C'est ce qui s'appelle vivre des montagnes russes émotionnelles. Vendredi 20 décembre, les 775 salariés de la start-up de taxis volants Lilium apprenaient leur licenciement immédiat, faute de trésorerie. 250 avaient déjà été remerciés quelques semaines plus tôt. La maison-mère, Lilium NV, avait déposé une demande d'insolvabilité et d'auto-administration pour sa filiale allemande Lilium GmbH fin octobre. Trois jours plus tard, le 23 décembre, rebondissement : un consortium d'investisseurs aurait été trouvé par le cabinet KPMG, mandaté par la direction pour dénicher un repreneur, et une grande partie des salariés pourrait être réintégrée.
L'acheteur répond au nom de "Mobile Uplift Corporation GmbH", "une société créée par un consortium expérimenté d'investisseurs d'Europe et d'Amérique du Nord", indique Lilium NV dans un communiqué daté du 24 décembre. "Mobile Uplift Corporation GmbH a l'intention d'acquérir les actifs d'exploitation des filiales Lilium GmbH et Lilium eAircraft GmbH", ajoute-t-elle. L’accord devrait permettre de sauvegarder 775 emplois, selon le journal Wirtswachfts Woche.
La vente doit encore être bouclée début janvier 2025. Lilium pourrait alors sortir de la procédure d'auto-administration et redémarrer ses activités.
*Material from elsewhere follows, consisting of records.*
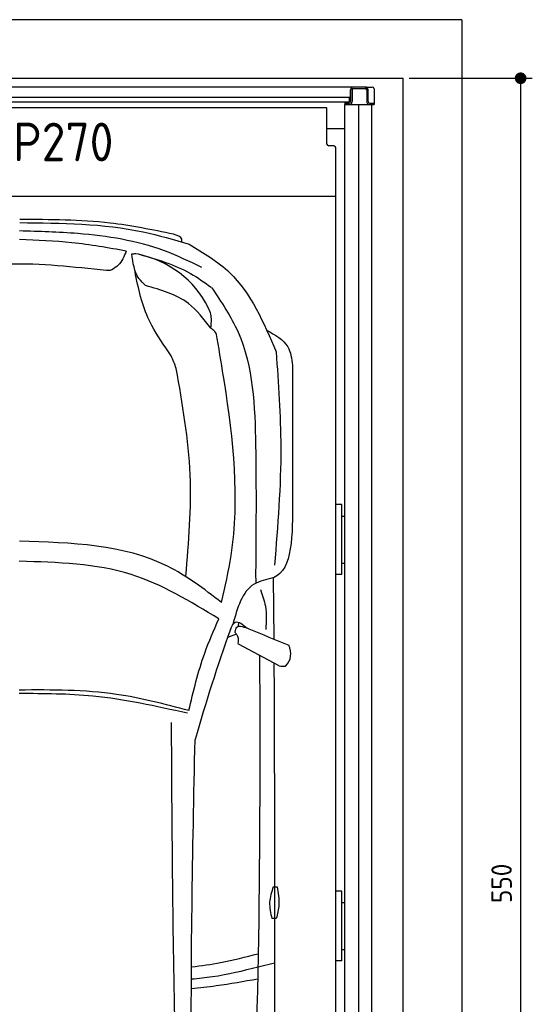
# Model space of a CAD drawing. Header units: millimetres. Extents: x 0 to 9541, y -929 to 5900.
# Tile 9 of 9: x 7789 to 9541, y 2537 to 5900. Entities that reach past the tile are written whole.
import ezdxf

# ---------------------------------------------------------------- set-up
doc = ezdxf.new("R2010")
doc.units = ezdxf.units.MM
doc.layers.add('4', color=3, linetype='Continuous')
for name, color, linetype, lineweight in [('car', 10, 'Continuous', 25), ('Gebäude', 7, 'Continuous', 25), ('Plattform', 7, 'Continuous', 25)]:
    doc.layers.add(name, color=color, linetype=linetype, lineweight=lineweight)
doc.styles.get("Standard").update_dxf_attribs({"font": 'ISOCP.SHX'})
doc.dimstyles.new('GEN-ISO', dxfattribs={"dimscale": 20, "dimtxt": 3.5, "dimasz": 2, "dimexe": 2, "dimexo": 1, "dimgap": 1.5, "dimtad": 1, "dimdec": 1, "dimlfac": 0.1, "dimdsep": 46, "dimtxsty": 'STANDARD', "dimblk": 'PUNKT', "dimcen": 2, "dimclrd": 256, "dimclre": 256, "dimclrt": 2, "dimadec": 0, "dimazin": 0, "dimtp": 0.1, "dimtm": 0.1, "dimtfac": 0.71, "dimtdec": 1, "dimtmove": 2, "dimatfit": 3, "dimldrblk": 'PUNKT', "dimfxl": 2, "dimtolj": 1, "dimarcsym": 0})

# ---------------------------------------------------------------- blocks, each defined once
blk = doc.blocks.new('PUNKT')
at = {"layer": '4', "color": 0, "linetype": 'ByBlock'}
blk.add_line((-0.5, 0), (-1, 0), dxfattribs=at)
at = {"layer": '4', "color": 0, "linetype": 'ByBlock', "const_width": 0.5}
blk.add_lwpolyline([(-0.25, 0, 1), (0.25, 0, 1)], format="xyb", close=True, dxfattribs=at)
blk = doc.blocks.new('*D11')
at = {"layer": '4', "lineweight": -2, "transparency": 16777216}
for p, q in [((9120, 5700), (9541.1, 5700)), ((9501.1, 5660), (9501.1, 240.1)), ((9120, 200.1), (9541.1, 200.1))]:
    blk.add_line(p, q, dxfattribs=at)
at = {"layer": 'Defpoints', "color": 0, "transparency": 16777216}
for p in [(9100, 5700), (9100, 200.1), (9501.1, 200.1)]:
    blk.add_point(p, dxfattribs=at)
at = {"layer": '4', "lineweight": -2, "transparency": 16777216, "xscale": 40, "yscale": 40, "zscale": 40}
for p, rotation in [((9501.1, 5700), 90), ((9501.1, 200.1), 270)]:
    blk.add_blockref('PUNKT', p, dxfattribs=dict(at, rotation=rotation))
at = {"layer": '4', "color": 2, "transparency": 16777216, "insert": (9436.1, 2950.1), "char_height": 70, "attachment_point": 5, "rotation": 90}
blk.add_mtext('550', dxfattribs=at)
blk = doc.blocks.new('6300_LP270_GL550')
blk.add_line((6015, 5610.1), (6000, 5610.1))
at = {"layer": 'Plattform'}
for p, q in [((6030, 5670.1), (3280, 5670.1)), ((6020, 5620.1), (6020, 5660.1)), ((6025, 5620.1), (6025, 5660.1)), ((6025, 5660.1), (6025, 5620.1)), ((6070, 5670.1), (6030, 5670.1)), ((6030, 5665.1), (6070, 5665.1)), ((6070, 5670.1), (6094, 5670.1)), ((6075, 5660.1), (6075, 5620.1)), ((6080, 5620.1), (6080, 5660.1)), ((6100, 5664.1), (6100, 5610.1)), ((6020, 5634.8), (3882.4, 5633.5)), ((3882.4, 5619), (6015, 5619)), ((6000, 5619), (6000, 5610.1)), ((6015, 5634.5), (6015, 5619)), ((6020, 5634.5), (6020, 5634.5)), ((5939, 5599.5), (3882.4, 5599.5)), ((5939, 5475.2), (5939, 5599.5)), ((6015, 5615.1), (6000, 5615.1)), ((6000, 350.1), (6000, 5610.1)), ((6000, 5610.1), (6100, 5610.1)), ((6048.5, 360.2), (6047.9, 5610.1)), ((6085, 5615.1), (6100, 5615.1)), ((6091.5, 5610.1), (6091.5, 360.1)), ((6000, 5527.1), (5939, 5527.1)), ((5963, 5469.2), (5945, 5469.2)), ((5969, 452.1), (5969, 5463.2)), ((5969, 5463.2), (5969, 5463.2)), ((5969, 5296.2), (3330.9, 5296.2)), ((5990, 4243.9), (5969, 4243.9)), ((5990, 4005.6), (5990, 4243.9)), ((5990, 4204.9), (6000, 4204.9)), ((5990, 4044.1), (6000, 4044.1)), ((5990, 4005.6), (5969, 4005.6)), ((5990, 2924), (5969, 2924)), ((5990, 2685.6), (5990, 2924)), ((5990, 2885), (6000, 2885)), ((5990, 2724.2), (6000, 2724.2)), ((5990, 2685.6), (5969, 2685.6))]:
    blk.add_line(p, q, dxfattribs=at)
for centre, radius, start, end in [((6030, 5660.1), 10, 90, 180), ((6030, 5660.1), 10, 90, 180), ((6030, 5660.1), 5, 90, 180), ((6030, 5660.1), 5, 90, 180), ((6070, 5660.1), 10, 0, 90), ((6070, 5660.1), 5, 0, 90), ((6094, 5664.1), 6, 0, 90), ((6015, 5620.1), 5, 270, 0), ((6015, 5620.1), 10, 300.0075, 0), ((6015, 5620.1), 10, 330.0736, 0), ((6085, 5620.1), 10, 180, 209.9264), ((6085, 5620.1), 5, 180, 270), ((6015, 5620.1), 10, 270, 330), ((6085, 5620.1), 10, 210, 270)]:
    blk.add_arc(centre, radius, start, end, dxfattribs=at)
for centre, major_axis in [((5945, 5475.2), (-6, 0)), ((5963, 5463.2), (6, 0))]:
    blk.add_ellipse(centre, major_axis=major_axis, ratio=0.999962, start_param=0, end_param=1.570796, dxfattribs=at)
blk.add_text('6300 LP270', height=132).set_placement((4373.5, 5416.3))
blk = doc.blocks.new('Car LP')
at = {"layer": 'car'}
for p, q in [((808.8, 3385.8), (809.2, 3349.8)), ((871.9, 3160.2), (870, 3368.4)), ((750.1, 3201.6), (750.8, 3216.6)), ((743, 3176.1), (713, 3164.6)), ((889.7, 3068.2), (749.7, 3141.4)), ((817.6, 2039.6), (873.4, 2053.6))]:
    blk.add_line(p, q, dxfattribs=at)
for points in [[(869, 2313.2), (882, 2313)], [(879.3, 2204.5), (864.4, 2204.7)]]:
    blk.add_lwpolyline(points, dxfattribs=at)
for centre, radius, start, end in [((342.8, 4139.7), 339.4, 23.2659, 75.556), ((6559, 1108.2), 6197.2, 160.35517, 164.00603), ((870.7, 3109.4), 58.5, 313.102, 29.1823), ((904.1, 3122), 55.6, 254.9104, 276.7653)]:
    blk.add_arc(centre, radius, start, end, dxfattribs=at)
for points, knots in [([(2.2, 4581.6), (144.5, 4580.3), (341.7, 4578.5), (529.7, 4523), (582, 4507.6)], [0, 0, 0, 0, 423.492842, 586.583376, 586.583376, 586.583376, 586.583376]), ([(527.9, 4542), (455.8, 4556.7), (282.6, 4592.1), (105.7, 4591.9), (2.4, 4591.7)], [0, 0, 0, 0, 220.289453, 529.069984, 529.069984, 529.069984, 529.069984]), ([(624.7, 4428.5), (582.5, 4448.8), (449.5, 4512.8), (234.8, 4546.4), (68.2, 4551.3), (2, 4553.3)], [0, 0, 0, 0, 139.94864, 441.700756, 640.652122, 640.652122, 640.652122, 640.652122]), ([(556.1, 4515.2), (556.4, 4518.5), (557.7, 4533.5), (541, 4538.2), (527.9, 4542)], [0, 0, 0, 0, 9.435567, 42.507293, 42.507293, 42.507293, 42.507293]), ([(366.3, 4484.3), (304.7, 4495.3), (184.1, 4516.7), (61.8, 4521.3), (2, 4523.5)], [0, 0, 0, 0, 187.526256, 366.76554, 366.76554, 366.76554, 366.76554]), ([(582, 4507.6), (630.9, 4478.1), (771, 4393.7), (836.2, 4240.3), (878.6, 4140.4)], [0, 0, 0, 0, 168.365537, 481.902364, 481.902364, 481.902364, 481.902364]), ([(366.3, 4484.3), (359.2, 4466.6), (348.6, 4439.9), (324.8, 4425.1), (316.8, 4420.2)], [0, 0, 0, 0, 55.196049, 82.674395, 82.674395, 82.674395, 82.674395]), ([(385.7, 4474.4), (390.4, 4475.1), (404.7, 4477.1), (418.3, 4471.8), (427.5, 4468.4)], [0, 0, 0, 0, 14.118333, 42.779436, 42.779436, 42.779436, 42.779436]), ([(432.5, 4366.6), (424.3, 4374.4), (394.8, 4402.5), (389.5, 4444.3), (385.7, 4474.4)], [0, 0, 0, 0, 33.431605, 120.169321, 120.169321, 120.169321, 120.169321]), ([(411.5, 4473.8), (471.8, 4456), (559.5, 4430.2), (633.5, 4377.6), (656.6, 4361.1)], [0, 0, 0, 0, 186.522722, 271.227686, 271.227686, 271.227686, 271.227686]), ([(-268.2, 4420.2), (-190.8, 4429.6), (-2.3, 4452.4), (186.7, 4431.2), (298, 4418.7)], [0, 0, 0, 0, 233.394315, 567.891299, 567.891299, 567.891299, 567.891299]), ([(316.8, 4420.2), (314.9, 4419.4), (308.9, 4417), (302.4, 4418), (298, 4418.7)], [0, 0, 0, 0, 6.204097, 19.184756, 19.184756, 19.184756, 19.184756]), ([(501.4, 4153.6), (479.2, 4187.3), (425, 4270), (405.7, 4367.4), (394.3, 4425.1)], [0, 0, 0, 0, 120.003178, 294.215769, 294.215769, 294.215769, 294.215769]), ([(655.1, 4221), (631.6, 4251.8), (575.3, 4325.7), (485.1, 4351.5), (432.5, 4366.6)], [0, 0, 0, 0, 113.654972, 272.306786, 272.306786, 272.306786, 272.306786]), ([(658, 4359.8), (691.4, 4310.4), (798.6, 4151.6), (812.1, 3802.4), (809.9, 3529.5), (808.8, 3385.8)], [0, 0, 0, 0, 177.04348, 568.390213, 1003.585748, 1003.585748, 1003.585748, 1003.585748]), ([(655.1, 4221), (656.7, 4231.8), (659.2, 4249.5), (655.9, 4266.9), (654.6, 4273.8)], [0, 0, 0, 0, 32.388359, 53.078266, 53.078266, 53.078266, 53.078266]), ([(677.6, 4186.2), (676, 4194.9), (673.2, 4209.9), (660.5, 4217.7), (655.1, 4221)], [0, 0, 0, 0, 25.07844, 43.102018, 43.102018, 43.102018, 43.102018]), ([(845.9, 4214), (875, 4198.3), (924.9, 4171.6), (931.7, 4116.7), (934.5, 4094)], [0, 0, 0, 0, 92.189033, 157.580383, 157.580383, 157.580383, 157.580383]), ([(691.9, 3284.6), (704.3, 3337.7), (761.7, 3583.8), (726.6, 3892.4), (685.9, 4136.6), (677.6, 4186.2)], [0, 0, 0, 0, 163.260571, 756.222817, 907.439026, 907.439026, 907.439026, 907.439026]), ([(537.2, 4083.6), (532.2, 4098.2), (523.6, 4123.3), (507.9, 4144.6), (501.4, 4153.6)], [0, 0, 0, 0, 45.789849, 78.965923, 78.965923, 78.965923, 78.965923]), ([(878.6, 4140.4), (886.5, 4032), (904.1, 3789.1), (884.2, 3546.3), (873.2, 3411.9)], [0, 0, 0, 0, 325.755723, 729.521316, 729.521316, 729.521316, 729.521316]), ([(570.5, 3374.5), (580.1, 3490), (599.9, 3727.8), (558.5, 3962.8), (537.2, 4083.6)], [0, 0, 0, 0, 346.247999, 712.605591, 712.605591, 712.605591, 712.605591]), ([(691.9, 3284.6), (632.1, 3330.1), (434, 3480.7), (179, 3488.2), (1, 3493.4)], [0, 0, 0, 0, 221.980537, 735.54049, 735.54049, 735.54049, 735.54049]), ([(682.9, 3228.2), (585.7, 3287.3), (376.9, 3414.4), (131.8, 3421.1), (0.9, 3424.8)], [0, 0, 0, 0, 335.657873, 720.766586, 720.766586, 720.766586, 720.766586]), ([(868.1, 3368.1), (845, 3362.9), (768.6, 3345.8), (746.2, 3264.9), (730.6, 3208.4)], [0, 0, 0, 0, 67.724235, 224.331628, 224.331628, 224.331628, 224.331628]), ([(870, 3368.4), (869.7, 3368.3), (869.1, 3368.1), (868.5, 3368.1), (868.1, 3368.1)], [0, 0, 0, 0, 0.715794, 1.895844, 1.895844, 1.895844, 1.895844]), ([(824.9, 3328), (831.7, 3309.3), (847.7, 3265.6), (844.9, 3218.9), (843.2, 3192.2)], [0, 0, 0, 0, 59.065939, 138.389817, 138.389817, 138.389817, 138.389817]), ([(580.4, 2914.9), (596.1, 2980.9), (621.7, 3088.3), (665.9, 3189.3), (682.9, 3228.2)], [0, 0, 0, 0, 203.213347, 330.239533, 330.239533, 330.239533, 330.239533]), ([(722.6, 3191.6), (727.4, 3202.6), (739.7, 3230.3), (764.8, 3208.9), (779.8, 3196)], [0, 0, 0, 0, 30.332599, 75.956206, 75.956206, 75.956206, 75.956206]), ([(739.1, 3183), (740.1, 3189.7), (743.5, 3212.1), (772.6, 3198.9), (785.7, 3194.3)], [0, 0, 0, 0, 17.673761, 59.390654, 59.390654, 59.390654, 59.390654]), ([(743, 3176.1), (741.5, 3177.3), (739.3, 3179.2), (739.1, 3182), (739.1, 3183)], [0, 0, 0, 0, 5.393636, 8.285754, 8.285754, 8.285754, 8.285754]), ([(750.5, 3153.5), (750.4, 3158.7), (750.4, 3167.1), (745, 3173.5), (743, 3176.1)], [0, 0, 0, 0, 14.839685, 24.388973, 24.388973, 24.388973, 24.388973]), ([(749.7, 3141.4), (749.2, 3142.8), (747.9, 3146.9), (750.8, 3150.9), (750.5, 3153.5)], [0, 0, 0, 0, 4.417987, 12.430904, 12.430904, 12.430904, 12.430904]), ([(720.3, 531.7), (741.8, 748), (826.6, 1600), (824.8, 2457), (823.5, 3096.4)], [0, 0, 0, 0, 651.760698, 2567.87656, 2567.87656, 2567.87656, 2567.87656]), ([(871.3, 3077.8), (872.8, 2728.1), (874.7, 2162.6), (871.9, 1597.2), (870.5, 1381.4)], [30.867502, 30.867502, 30.867502, 30.867502, 135.773846, 200.510428, 200.510428, 200.510428, 200.510428]), ([(575.3, 2905.7), (468.2, 2929.7), (278.8, 2972.1), (84.8, 2972.7), (0.4, 2972.9)], [0, 0, 0, 0, 327.958847, 580.294452, 580.294452, 580.294452, 580.294452]), ([(580.4, 2914.9), (498.5, 2936.5), (308.7, 2986.7), (112.2, 2985.7), (0.5, 2985.1)], [0, 0, 0, 0, 253.181298, 586.409804, 586.409804, 586.409804, 586.409804]), ([(580.3, 580), (561.7, 999.6), (527.8, 1763.9), (523.2, 2529), (521.2, 2874)], [0, 0, 0, 0, 1259.941445, 2295.01496, 2295.01496, 2295.01496, 2295.01496]), ([(623.8, 603.6), (609, 958.6), (578.3, 1695.7), (593.7, 2433.3), (601.7, 2815.7)], [0, 0, 0, 0, 1065.64856, 2212.719541, 2212.719541, 2212.719541, 2212.719541]), ([(869, 2313.2), (863.3, 2295.7), (851.6, 2260), (860.1, 2223.4), (864.4, 2204.7)], [0, 0, 0, 0, 54.314538, 110.447745, 110.447745, 110.447745, 110.447745]), ([(882, 2313), (885.6, 2292.5), (892.1, 2256), (883.2, 2220.1), (879.3, 2204.5)], [0, 0, 0, 0, 61.702274, 109.62737, 109.62737, 109.62737, 109.62737]), ([(589.6, 2039.9), (622.8, 2043.7), (700, 2054.2), (775.5, 2073.7), (816.5, 2084.2)], [6.454001, 6.454001, 6.454001, 6.454001, 16.542425, 29.830107, 29.830107, 29.830107, 29.830107]), ([(589.1, 1998.4), (613.4, 2000.4), (690.4, 2008.2), (765.8, 2026.8), (817.6, 2039.6)], [6.580352, 6.580352, 6.580352, 6.580352, 13.869915, 29.827446, 29.827446, 29.827446, 29.827446]), ([(589.1, 1965.6), (617.4, 1968.5), (693.7, 1977), (769.3, 1990.6), (814.9, 1998.8)], [6.659247, 6.659247, 6.659247, 6.659247, 15.228907, 29.682847, 29.682847, 29.682847, 29.682847])]:
    blk.add_open_spline(points, degree=3, knots=knots, dxfattribs=at)
for points in [[(934.5, 4094), (934.6, 3940.7), (934.7, 3787.4), (934.7, 3634.2)], [(934.7, 3634.2), (935.4, 3515.3), (936, 3396.4), (870, 3368.4)], [(785.7, 3194.3), (831.1, 3175.5), (876.4, 3156.7), (921.8, 3137.9)], [(823.5, 3096.4), (823, 3098.6), (822.6, 3100.8), (822.1, 3103)]]:
    blk.add_open_spline(points, degree=3, dxfattribs=at)
blk = doc.blocks.new('*D18')
at = {"layer": '4', "lineweight": -2, "transparency": 16777216}
for p, q in [((9120, 5700), (9541.1, 5700)), ((9501.1, 5660), (9501.1, 240.1)), ((9120, 200.1), (9541.1, 200.1))]:
    blk.add_line(p, q, dxfattribs=at)
at = {"layer": 'Defpoints', "color": 0, "transparency": 16777216}
for p in [(9100, 5700), (9100, 200.1), (9501.1, 200.1)]:
    blk.add_point(p, dxfattribs=at)
at = {"layer": '4', "lineweight": -2, "transparency": 16777216, "xscale": 40, "yscale": 40, "zscale": 40}
for p, rotation in [((9501.1, 5700), 90), ((9501.1, 200.1), 270)]:
    blk.add_blockref('PUNKT', p, dxfattribs=dict(at, rotation=rotation))
at = {"layer": '4', "color": 2, "transparency": 16777216, "insert": (9436.1, 2950.1), "char_height": 70, "attachment_point": 5, "rotation": 90}
blk.add_mtext('550', dxfattribs=at)
blk = doc.blocks.new('Gebäude_GL550_LP270')
at = {"layer": 'Gebäude'}
for p, q in [((6660.2, 6601.3), (-2639.8, 6601.3)), ((6660.2, 6601.3), (6660.2, 701.3)), ((-2439.8, 6401.3), (6460.2, 6401.3)), ((6460.2, 901.3), (6460.2, 6401.3))]:
    blk.add_line(p, q, dxfattribs=at)

msp = doc.modelspace()

# ---------------------------------------------------------------- block references
for name, p in [('Gebäude_GL550_LP270', (2639.81, -701.25)), ('6300_LP270_GL550', (2900.03, -0.01))]:
    msp.add_blockref(name, p)
at = {"layer": 'car'}
msp.add_blockref('Car LP', (7786.5, 625.36), dxfattribs=at)

# ---------------------------------------------------------------- dimensions: what is measured, and where the dimension line sits
at = {"layer": '4'}
for picture in ['*D11', '*D18']:
    dim = msp.add_linear_dim(base=(9501.15, 200.11), p1=(9100, 5700), p2=(9100, 200.11), angle=90, dimstyle='GEN-ISO', override={"dimtdec": 3, "dimtolj": 0}, dxfattribs=at)
    dim.commit()
    dim.dimension.update_dxf_attribs({"geometry": picture, "text_midpoint": (9436.15, 2950.06)})

doc.saveas('drawing.dxf')

1,5 milliard dépensés depuis la création
L'arrivée d'un sauveteur au chevet de l'entreprise très endettée fait figure de quasi miracle. Car Lilium s'est mis dans une situation très périlleuse, en brûlant 1,5 milliard d'euros de cash depuis sa création en 2015. Le tout, sans avoir fait voler le moindre appareil. La start-up a réclamé des aides publiques pour survivre en attendant l'industrialisation de son premier modèle, le Lilium Jet, et les premières livraisons, prévues en 2026. Mais le Parlement allemand, sous la pression des écologistes, a fait obstacle à un soutien de la banque publique d'investissement à l'automne.
Lilium, porté par des anciens d'Airbus, a longtemps fait figure de poids lourd du secteur émergent des eVTOL, les avions à décollage et atterrissage vertical, avec l'américain Joby ou un autre allemand, Volocopter. Le carnet de commandes de Lilium compte 108 achats et réservations fermes, 82 options et près de 600 avions sous protocole d'accord. L'entreprise avait annoncé un projet d'usine en France lors du sommet Choose France en avril 2024 : il reste conditionné à l'amélioration de sa santé financière.